* [What you need to do]
Starting at the line that contains "Now the car (473,494,485,510).", transcribe each line exactly through the last line of the data. Include nothing else.

=-=-=

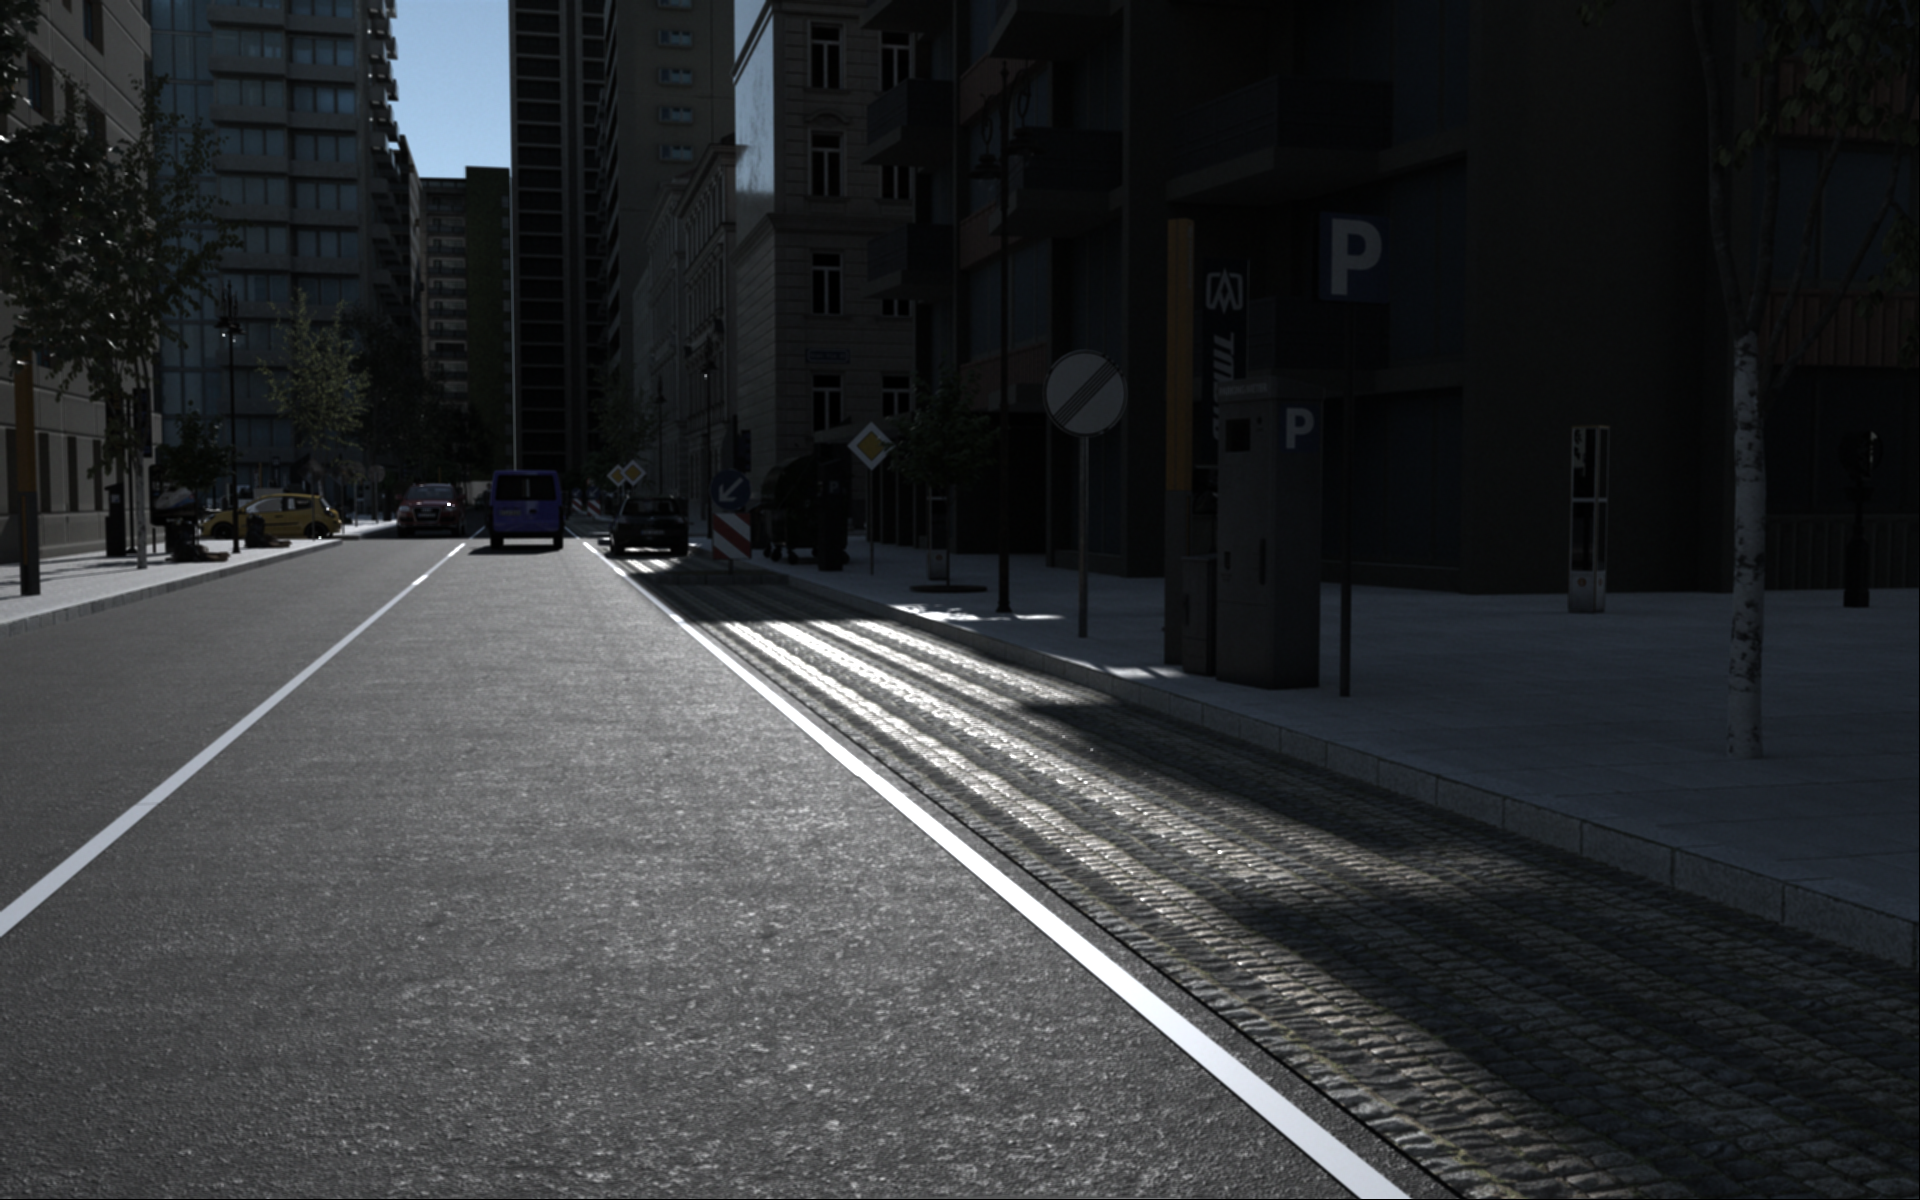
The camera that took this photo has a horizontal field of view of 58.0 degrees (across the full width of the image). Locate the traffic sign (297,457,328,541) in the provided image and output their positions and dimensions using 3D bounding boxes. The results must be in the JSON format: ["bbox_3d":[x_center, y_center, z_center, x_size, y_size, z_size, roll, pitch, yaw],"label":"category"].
[{"bbox_3d":[-17.744,-2.683,47.504,0.795,2.450,0.064,-1,4,-14],"label":"traffic sign"}]

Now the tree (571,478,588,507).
[{"bbox_3d":[-38.570,-11.181,177.417,1.663,3.219,1.824,0,3,0],"label":"tree"}]

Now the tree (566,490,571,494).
[{"bbox_3d":[-45.700,-12.786,203.644,1.663,3.219,1.824,0,3,0],"label":"tree"}]

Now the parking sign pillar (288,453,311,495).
[{"bbox_3d":[-42.800,-7.567,112.199,1.447,3.967,1.447,-3,4,-38],"label":"parking sign pillar"}]

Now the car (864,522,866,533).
[{"bbox_3d":[-0.713,-2.690,56.338,4.827,1.381,2.083,-1,4,-14],"label":"car"}]

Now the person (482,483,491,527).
[{"bbox_3d":[-20.264,-4.079,74.558,0.474,1.900,0.648,0,4,5],"label":"person"}]

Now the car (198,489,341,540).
[{"bbox_3d":[-20.671,-2.550,51.922,3.980,1.641,2.015,-1,4,-13],"label":"car"}]

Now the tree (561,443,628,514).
[{"bbox_3d":[-23.082,-7.896,112.808,4.285,4.588,4.351,0,3,0],"label":"tree"}]

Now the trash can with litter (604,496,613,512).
[{"bbox_3d":[-21.467,-5.825,106.624,0.624,1.170,1.055,-3,5,-43],"label":"trash can with litter"}]

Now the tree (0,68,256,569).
[{"bbox_3d":[-14.270,-4.834,29.401,4.737,8.622,4.395,0,3,0],"label":"tree"}]

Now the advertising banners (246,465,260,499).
[{"bbox_3d":[-41.600,-6.471,101.989,0.090,3.025,2.074,0,4,-1],"label":"advertising banners"}]

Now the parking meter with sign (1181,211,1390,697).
[{"bbox_3d":[2.090,-0.941,11.638,0.543,3.016,1.738,-2,4,-25],"label":"parking meter with sign"}]

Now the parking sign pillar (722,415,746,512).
[{"bbox_3d":[-7.777,-4.345,59.509,1.447,3.967,1.447,-2,4,-25],"label":"parking sign pillar"}]

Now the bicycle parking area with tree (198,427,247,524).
[{"bbox_3d":[-34.184,-5.258,72.967,8.231,4.147,9.016,1,4,10],"label":"bicycle parking area with tree"}]

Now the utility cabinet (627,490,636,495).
[{"bbox_3d":[-16.420,-4.767,86.620,0.318,1.500,1.173,-1,4,-19],"label":"utility cabinet"}]

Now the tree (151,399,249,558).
[{"bbox_3d":[-15.667,-2.491,35.334,1.663,3.219,1.824,0,3,0],"label":"tree"}]

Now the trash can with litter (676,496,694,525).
[{"bbox_3d":[-12.056,-3.765,72.615,2.233,1.210,1.678,-2,4,-31],"label":"trash can with litter"}]

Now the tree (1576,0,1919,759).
[{"bbox_3d":[3.888,-3.524,7.976,4.737,8.622,4.395,0,3,0],"label":"tree"}]

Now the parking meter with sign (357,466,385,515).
[{"bbox_3d":[-36.721,-6.820,107.767,1.738,3.016,0.543,0,4,5],"label":"parking meter with sign"}]

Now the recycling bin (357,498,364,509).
[{"bbox_3d":[-37.740,-5.947,109.791,0.722,1.027,0.722,1,4,17],"label":"recycling bin"}]

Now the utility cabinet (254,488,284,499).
[{"bbox_3d":[-25.593,-3.406,64.362,1.173,1.500,0.318,-2,4,-27],"label":"utility cabinet"}]

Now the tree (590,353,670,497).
[{"bbox_3d":[-17.440,-8.553,90.210,4.737,8.622,4.395,0,3,0],"label":"tree"}]

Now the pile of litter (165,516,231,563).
[{"bbox_3d":[-14.609,-1.175,33.171,1.176,0.858,1.719,-1,4,-20],"label":"pile of litter"}]

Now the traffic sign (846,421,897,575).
[{"bbox_3d":[-1.397,-1.600,27.340,0.795,2.450,0.064,-1,4,-9],"label":"traffic sign"}]

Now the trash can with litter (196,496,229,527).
[{"bbox_3d":[-29.885,-3.452,67.495,1.678,1.210,2.233,2,4,30],"label":"trash can with litter"}]

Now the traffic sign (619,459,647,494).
[{"bbox_3d":[-9.355,-2.810,49.585,0.795,2.450,0.064,-1,4,-14],"label":"traffic sign"}]

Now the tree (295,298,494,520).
[{"bbox_3d":[-28.671,-9.125,83.600,8.767,10.594,7.601,2,4,32],"label":"tree"}]

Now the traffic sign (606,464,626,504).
[{"bbox_3d":[-11.303,-3.284,57.330,0.795,2.450,0.064,-1,4,-14],"label":"traffic sign"}]

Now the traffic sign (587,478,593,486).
[{"bbox_3d":[-27.012,-7.774,127.204,0.768,2.556,0.104,0,4,-6],"label":"traffic sign"}]

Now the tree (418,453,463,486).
[{"bbox_3d":[-44.409,-10.016,147.478,4.285,4.588,4.351,0,3,0],"label":"tree"}]

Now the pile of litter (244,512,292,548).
[{"bbox_3d":[-16.706,-1.698,41.731,1.176,0.858,1.719,0,4,-8],"label":"pile of litter"}]

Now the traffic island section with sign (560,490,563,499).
[{"bbox_3d":[-24.171,-6.118,108.652,1.989,1.847,2.006,-1,4,-14],"label":"traffic island section with sign"}]

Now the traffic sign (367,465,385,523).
[{"bbox_3d":[-25.438,-4.612,75.516,0.768,2.556,0.104,0,4,-4],"label":"traffic sign"}]

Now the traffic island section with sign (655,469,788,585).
[{"bbox_3d":[-3.899,-1.186,28.019,1.989,1.847,2.006,-1,4,-14],"label":"traffic island section with sign"}]

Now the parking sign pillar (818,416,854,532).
[{"bbox_3d":[-4.374,-4.348,59.562,1.447,3.967,1.447,0,4,0],"label":"parking sign pillar"}]

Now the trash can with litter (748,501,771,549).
[{"bbox_3d":[-4.883,-1.774,40.400,1.055,1.170,0.624,1,4,15],"label":"trash can with litter"}]

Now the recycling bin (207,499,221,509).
[{"bbox_3d":[-41.629,-5.163,96.967,0.722,1.027,0.722,2,4,27],"label":"recycling bin"}]

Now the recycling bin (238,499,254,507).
[{"bbox_3d":[-34.844,-4.423,84.869,0.722,1.027,0.722,1,4,9],"label":"recycling bin"}]

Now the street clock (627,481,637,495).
[{"bbox_3d":[-15.658,-4.779,82.706,0.471,2.002,0.358,-1,4,-14],"label":"street clock"}]

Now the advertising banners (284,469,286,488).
[{"bbox_3d":[-47.511,-7.711,122.268,0.090,3.025,2.074,-2,4,-30],"label":"advertising banners"}]

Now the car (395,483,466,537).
[{"bbox_3d":[-18.040,-3.092,59.220,2.281,1.827,5.304,-1,4,-13],"label":"car"}]

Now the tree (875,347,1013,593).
[{"bbox_3d":[-0.176,-1.737,23.002,1.663,3.219,1.824,0,3,0],"label":"tree"}]

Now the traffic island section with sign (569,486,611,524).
[{"bbox_3d":[-17.590,-4.519,82.509,1.989,1.847,2.006,-1,4,-14],"label":"traffic island section with sign"}]

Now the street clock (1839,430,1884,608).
[{"bbox_3d":[10.172,-0.919,19.597,0.471,2.002,0.358,-2,4,-27],"label":"street clock"}]

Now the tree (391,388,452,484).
[{"bbox_3d":[-34.438,-9.822,110.957,4.737,8.622,4.395,0,3,0],"label":"tree"}]

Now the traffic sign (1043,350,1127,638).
[{"bbox_3d":[1.100,-0.936,15.414,0.768,2.556,0.104,-1,4,-10],"label":"traffic sign"}]

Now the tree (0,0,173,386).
[{"bbox_3d":[-10.879,-5.836,12.428,9.611,12.733,9.660,0,3,0],"label":"tree"}]

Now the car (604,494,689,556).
[{"bbox_3d":[-7.484,-1.938,41.481,2.009,1.686,4.222,-1,4,-13],"label":"car"}]

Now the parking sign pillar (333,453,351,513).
[{"bbox_3d":[-41.365,-7.772,115.549,1.447,3.967,1.447,-3,4,-38],"label":"parking sign pillar"}]

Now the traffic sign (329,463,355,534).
[{"bbox_3d":[-19.692,-3.156,55.249,0.795,2.450,0.064,-1,4,-14],"label":"traffic sign"}]

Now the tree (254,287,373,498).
[{"bbox_3d":[-22.648,-6.779,61.201,4.360,8.622,3.978,0,3,0],"label":"tree"}]

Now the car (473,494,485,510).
[{"bbox_3d":[-42.559,-8.781,155.359,2.131,1.459,4.920,-1,4,-15],"label":"car"}]

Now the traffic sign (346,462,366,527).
[{"bbox_3d":[-23.703,-4.149,67.939,0.768,2.556,0.104,-1,4,-14],"label":"traffic sign"}]

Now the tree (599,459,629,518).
[{"bbox_3d":[-20.815,-6.740,104.804,1.663,3.219,1.824,0,3,0],"label":"tree"}]

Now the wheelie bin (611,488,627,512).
[{"bbox_3d":[-18.094,-5.154,92.170,0.980,1.594,0.693,2,4,24],"label":"wheelie bin"}]

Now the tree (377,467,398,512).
[{"bbox_3d":[-41.269,-7.992,125.273,1.663,3.219,1.824,0,3,0],"label":"tree"}]

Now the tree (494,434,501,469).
[{"bbox_3d":[-31.643,-10.034,98.472,8.767,10.594,7.601,3,4,39],"label":"tree"}]

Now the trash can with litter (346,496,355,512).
[{"bbox_3d":[-42.649,-6.746,121.687,1.055,1.170,0.624,-1,4,-22],"label":"trash can with litter"}]

=-=-=

* [Task output]
Now the car (473,494,485,510).
[{"bbox_3d":[-42.559,-8.781,155.359,2.131,1.459,4.920,-1,4,-15],"label":"car"}]

Now the traffic sign (346,462,366,527).
[{"bbox_3d":[-23.703,-4.149,67.939,0.768,2.556,0.104,-1,4,-14],"label":"traffic sign"}]

Now the tree (599,459,629,518).
[{"bbox_3d":[-20.815,-6.740,104.804,1.663,3.219,1.824,0,3,0],"label":"tree"}]

Now the wheelie bin (611,488,627,512).
[{"bbox_3d":[-18.094,-5.154,92.170,0.980,1.594,0.693,2,4,24],"label":"wheelie bin"}]

Now the tree (377,467,398,512).
[{"bbox_3d":[-41.269,-7.992,125.273,1.663,3.219,1.824,0,3,0],"label":"tree"}]

Now the tree (494,434,501,469).
[{"bbox_3d":[-31.643,-10.034,98.472,8.767,10.594,7.601,3,4,39],"label":"tree"}]

Now the trash can with litter (346,496,355,512).
[{"bbox_3d":[-42.649,-6.746,121.687,1.055,1.170,0.624,-1,4,-22],"label":"trash can with litter"}]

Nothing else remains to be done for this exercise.